#### Exercise instructions
Wherever the string "listed" appears in the records, return the line that holds it.

#### Data to examine
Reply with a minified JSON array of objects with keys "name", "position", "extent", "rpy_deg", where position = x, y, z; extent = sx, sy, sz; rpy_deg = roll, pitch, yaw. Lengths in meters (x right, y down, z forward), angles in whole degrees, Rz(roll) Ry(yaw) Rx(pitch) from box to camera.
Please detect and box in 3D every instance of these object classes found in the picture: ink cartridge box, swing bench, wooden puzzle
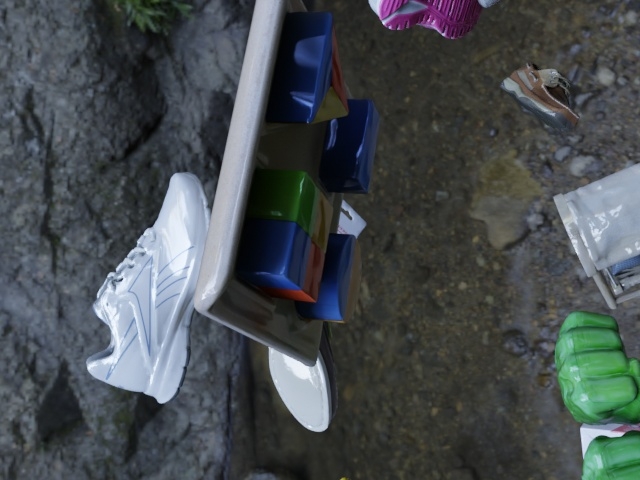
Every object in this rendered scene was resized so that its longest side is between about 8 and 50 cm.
[{"name":"ink cartridge box","position":[0.000,0.000,1.594],"extent":[0.181,0.104,0.062],"rpy_deg":[-50,14,-20]},{"name":"swing bench","position":[0.613,-0.021,1.437],"extent":[0.253,0.255,0.165],"rpy_deg":[-25,55,22]},{"name":"ink cartridge box","position":[0.569,0.342,1.422],"extent":[0.115,0.198,0.067],"rpy_deg":[-3,101,36]},{"name":"wooden puzzle","position":[-0.007,-0.053,0.755],"extent":[0.081,0.348,0.321],"rpy_deg":[5,74,14]}]

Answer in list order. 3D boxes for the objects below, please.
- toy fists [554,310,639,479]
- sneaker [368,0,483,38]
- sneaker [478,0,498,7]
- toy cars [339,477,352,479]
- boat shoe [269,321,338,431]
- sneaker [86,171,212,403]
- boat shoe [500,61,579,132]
[{"name":"toy fists","position":[0.333,0.216,0.871],"extent":[0.096,0.142,0.279],"rpy_deg":[-12,63,15]},{"name":"sneaker","position":[0.201,-0.462,1.474],"extent":[0.111,0.253,0.102],"rpy_deg":[55,135,44]},{"name":"sneaker","position":[0.198,-0.355,0.744],"extent":[0.151,0.094,0.255],"rpy_deg":[-9,68,22]},{"name":"toy cars","position":[0.057,0.448,1.020],"extent":[0.177,0.087,0.393],"rpy_deg":[-8,118,18]},{"name":"boat shoe","position":[-0.031,0.147,1.235],"extent":[0.117,0.097,0.324],"rpy_deg":[-10,104,39]},{"name":"sneaker","position":[-0.209,0.056,0.954],"extent":[0.111,0.130,0.296],"rpy_deg":[-157,80,-73]},{"name":"boat shoe","position":[0.560,-0.376,1.922],"extent":[0.120,0.123,0.324],"rpy_deg":[-49,27,15]}]
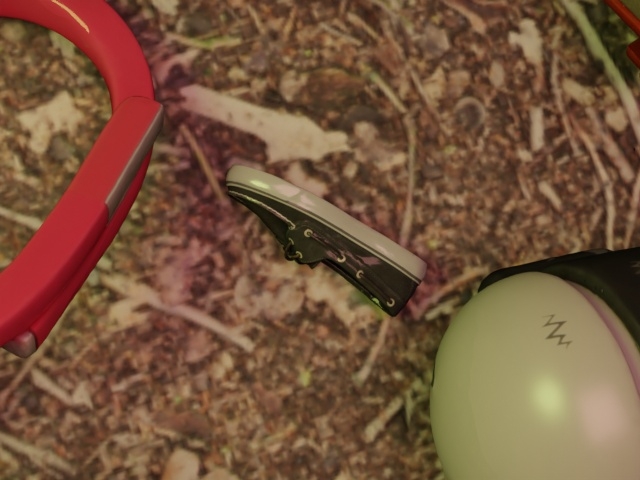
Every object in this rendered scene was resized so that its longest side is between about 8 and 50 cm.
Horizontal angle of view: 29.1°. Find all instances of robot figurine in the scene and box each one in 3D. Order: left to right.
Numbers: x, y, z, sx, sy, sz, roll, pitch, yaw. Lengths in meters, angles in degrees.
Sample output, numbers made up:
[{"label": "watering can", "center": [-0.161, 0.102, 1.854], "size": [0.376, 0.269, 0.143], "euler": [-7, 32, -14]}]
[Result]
[{"label": "robot figurine", "center": [0.199, 0.089, 0.714], "size": [0.278, 0.209, 0.173], "euler": [-10, 90, -21]}]

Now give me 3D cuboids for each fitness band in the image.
[{"label": "fitness band", "center": [-0.211, -0.047, 0.685], "size": [0.209, 0.054, 0.291], "euler": [24, 58, 6]}]

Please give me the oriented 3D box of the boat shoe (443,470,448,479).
[{"label": "boat shoe", "center": [0.114, 0.165, 0.778], "size": [0.038, 0.046, 0.125], "euler": [2, 61, -51]}]

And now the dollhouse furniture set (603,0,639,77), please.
[{"label": "dollhouse furniture set", "center": [0.163, -0.239, 0.785], "size": [0.262, 0.135, 0.259], "euler": [-31, 68, -12]}]

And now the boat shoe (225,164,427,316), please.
[{"label": "boat shoe", "center": [0.000, 0.000, 0.770], "size": [0.142, 0.049, 0.040], "euler": [29, 80, -8]}]
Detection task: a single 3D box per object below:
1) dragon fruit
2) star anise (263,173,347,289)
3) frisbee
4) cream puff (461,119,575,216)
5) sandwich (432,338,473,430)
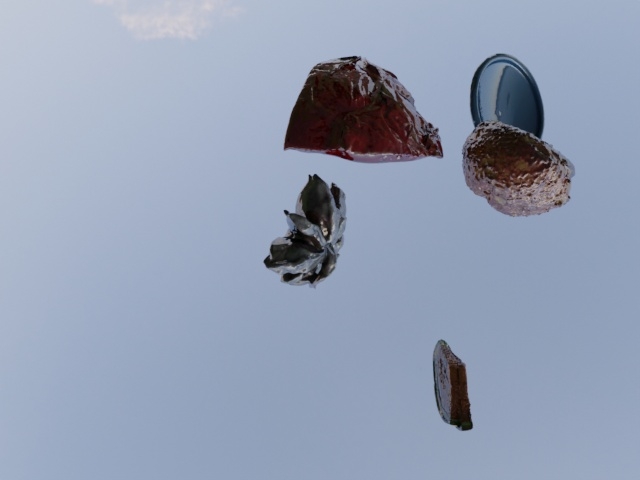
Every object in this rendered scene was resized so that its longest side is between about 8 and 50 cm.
[{"bbox_3d":[0.119,-0.256,0.943,0.330,0.240,0.302,18,-102,2],"label":"dragon fruit"},{"bbox_3d":[0.000,0.000,0.962,0.139,0.359,0.316,26,-57,17],"label":"star anise"},{"bbox_3d":[0.483,-0.340,1.113,0.289,0.049,0.289,1,-92,-29],"label":"frisbee"},{"bbox_3d":[0.401,-0.140,0.887,0.240,0.240,0.164,27,-83,19],"label":"cream puff"},{"bbox_3d":[0.154,0.169,0.504,0.026,0.069,0.101,-1,-107,-2],"label":"sandwich"}]
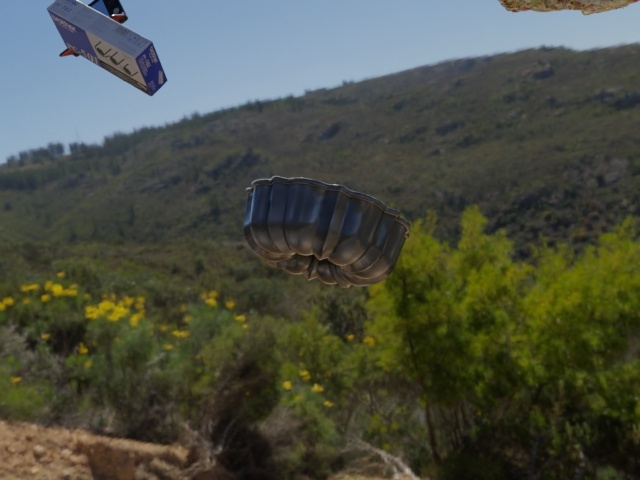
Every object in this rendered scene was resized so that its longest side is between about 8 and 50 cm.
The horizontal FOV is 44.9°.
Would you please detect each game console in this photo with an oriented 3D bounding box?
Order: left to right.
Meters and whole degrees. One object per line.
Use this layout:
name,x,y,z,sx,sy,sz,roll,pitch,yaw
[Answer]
game console,-0.478,-0.447,1.586,0.144,0.124,0.085,-32,-18,11

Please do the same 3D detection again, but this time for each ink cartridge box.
ink cartridge box,-0.356,-0.328,1.299,0.046,0.207,0.097,-51,-21,-20

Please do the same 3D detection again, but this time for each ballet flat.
ballet flat,0.380,-0.381,1.178,0.241,0.091,0.077,15,-20,29

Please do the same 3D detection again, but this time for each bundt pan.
bundt pan,0.000,0.000,1.488,0.330,0.124,0.331,14,-15,4
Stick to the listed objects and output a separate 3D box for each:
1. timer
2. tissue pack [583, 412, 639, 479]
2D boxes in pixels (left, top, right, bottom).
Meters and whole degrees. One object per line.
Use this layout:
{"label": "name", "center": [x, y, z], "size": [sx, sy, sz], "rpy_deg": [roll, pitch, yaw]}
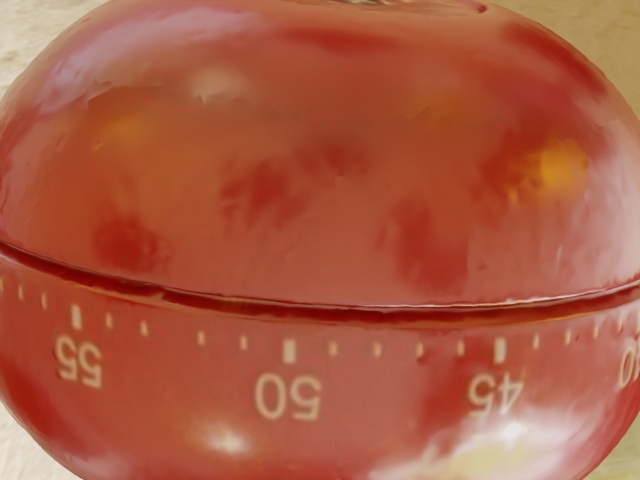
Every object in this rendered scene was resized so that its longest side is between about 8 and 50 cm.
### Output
{"label": "timer", "center": [0.000, 0.000, 0.993], "size": [0.378, 0.378, 0.279], "rpy_deg": [5, 102, 1]}
{"label": "tissue pack", "center": [0.160, 0.305, 1.686], "size": [0.332, 0.205, 0.405], "rpy_deg": [-12, 130, -8]}
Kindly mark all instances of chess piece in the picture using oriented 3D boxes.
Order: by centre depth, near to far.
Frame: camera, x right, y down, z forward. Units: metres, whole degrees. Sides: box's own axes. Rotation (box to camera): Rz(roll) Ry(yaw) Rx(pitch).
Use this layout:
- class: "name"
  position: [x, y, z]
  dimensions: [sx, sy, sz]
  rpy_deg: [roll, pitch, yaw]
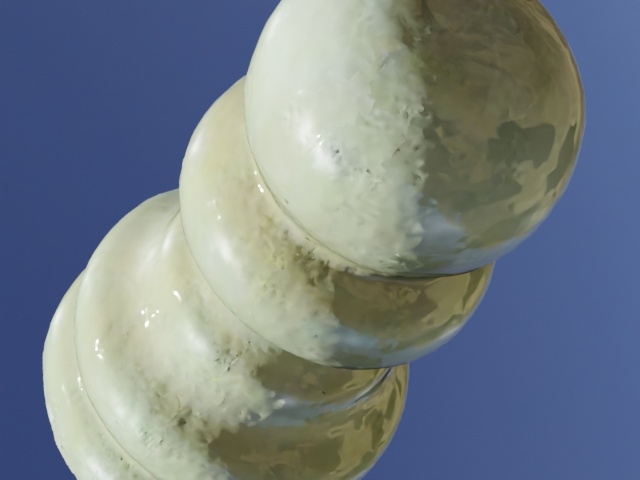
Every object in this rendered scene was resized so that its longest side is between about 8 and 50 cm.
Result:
- class: "chess piece"
  position: [0.000, 0.000, 0.506]
  dimensions: [0.133, 0.243, 0.133]
  rpy_deg: [13, -125, -18]
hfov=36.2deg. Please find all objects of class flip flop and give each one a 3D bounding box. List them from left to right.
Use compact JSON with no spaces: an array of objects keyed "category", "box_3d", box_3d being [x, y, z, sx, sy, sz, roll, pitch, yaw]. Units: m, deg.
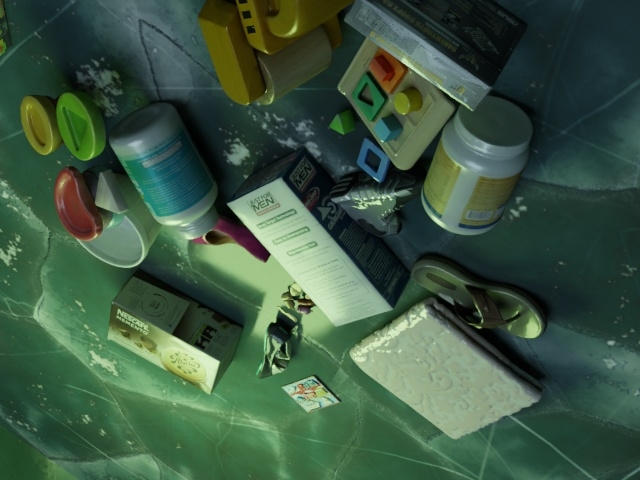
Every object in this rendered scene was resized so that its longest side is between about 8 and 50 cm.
[{"category":"flip flop","box_3d":[0.294,0.119,1.860,0.277,0.080,0.112,27,140,8]}]

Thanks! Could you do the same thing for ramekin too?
[{"category":"ramekin","box_3d":[-0.447,-0.051,2.156,0.207,0.109,0.207,18,137,18]}]

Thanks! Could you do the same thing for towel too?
[{"category":"towel","box_3d":[0.257,0.272,2.046,0.317,0.053,0.332,38,144,-7]}]

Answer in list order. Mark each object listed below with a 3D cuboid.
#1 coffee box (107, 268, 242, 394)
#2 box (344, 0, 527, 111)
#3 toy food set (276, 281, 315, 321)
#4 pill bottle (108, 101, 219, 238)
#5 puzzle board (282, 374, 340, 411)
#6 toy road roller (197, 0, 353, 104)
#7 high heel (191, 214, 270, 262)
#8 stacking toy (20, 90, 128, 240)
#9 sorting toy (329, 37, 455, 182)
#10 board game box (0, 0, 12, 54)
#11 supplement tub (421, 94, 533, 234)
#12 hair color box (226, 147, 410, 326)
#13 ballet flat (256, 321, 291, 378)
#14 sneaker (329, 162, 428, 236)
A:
[{"category":"coffee box","box_3d":[-0.354,0.221,2.357,0.297,0.119,0.168,29,141,5]},{"category":"box","box_3d":[0.173,-0.317,1.428,0.231,0.183,0.056,34,140,-2]},{"category":"toy food set","box_3d":[-0.042,0.128,2.140,0.078,0.019,0.122,38,132,-6]},{"category":"pill bottle","box_3d":[-0.299,-0.131,1.950,0.146,0.146,0.264,-2,128,35]},{"category":"puzzle board","box_3d":[-0.024,0.376,2.378,0.096,0.011,0.128,47,139,-15]},{"category":"toy road roller","box_3d":[-0.046,-0.352,1.466,0.240,0.202,0.329,32,148,41]},{"category":"high heel","box_3d":[-0.189,0.008,2.032,0.244,0.117,0.082,-9,152,33]},{"category":"stacking toy","box_3d":[-0.441,-0.168,1.929,0.279,0.130,0.309,-9,102,51]},{"category":"sorting toy","box_3d":[0.113,-0.234,1.608,0.196,0.047,0.348,53,142,15]},{"category":"board game box","box_3d":[-0.701,-0.468,1.957,0.141,0.048,0.170,20,138,13]},{"category":"supplement tub","box_3d":[0.255,-0.122,1.595,0.144,0.144,0.200,26,138,9]},{"category":"hair color box","box_3d":[0.000,0.000,1.916,0.174,0.105,0.347,-22,116,44]},{"category":"ballet flat","box_3d":[-0.104,0.269,2.282,0.074,0.074,0.203,25,137,10]},{"category":"sneaker","box_3d":[0.133,-0.068,1.790,0.228,0.086,0.132,-3,134,48]}]
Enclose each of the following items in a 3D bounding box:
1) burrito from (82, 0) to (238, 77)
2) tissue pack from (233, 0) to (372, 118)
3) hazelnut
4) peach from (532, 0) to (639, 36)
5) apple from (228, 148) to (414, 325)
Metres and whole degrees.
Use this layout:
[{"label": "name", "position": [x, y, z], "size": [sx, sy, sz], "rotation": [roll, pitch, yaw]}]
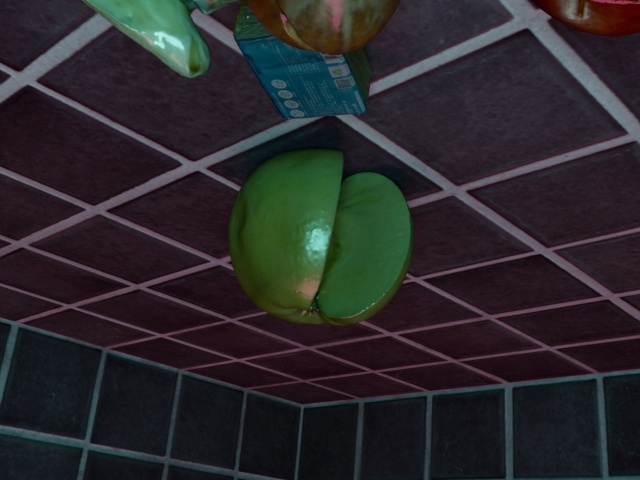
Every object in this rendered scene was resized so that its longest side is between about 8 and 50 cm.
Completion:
[{"label": "burrito", "position": [-0.164, -0.270, 0.508], "size": [0.332, 0.190, 0.135], "rotation": [38, 171, -20]}, {"label": "tissue pack", "position": [-0.015, -0.220, 0.902], "size": [0.120, 0.082, 0.169], "rotation": [-2, 156, 18]}, {"label": "hazelnut", "position": [0.010, -0.264, 0.700], "size": [0.182, 0.182, 0.182], "rotation": [4, 157, 2]}, {"label": "peach", "position": [0.238, -0.272, 0.604], "size": [0.190, 0.196, 0.226], "rotation": [-35, 150, 6]}, {"label": "apple", "position": [0.000, 0.000, 1.200], "size": [0.292, 0.254, 0.292], "rotation": [8, 160, 3]}]

#### Result
Stick to the listed objects and output a separate 3D box for each:
Answer in list order. Mark each object listed below with a 3D cuboid.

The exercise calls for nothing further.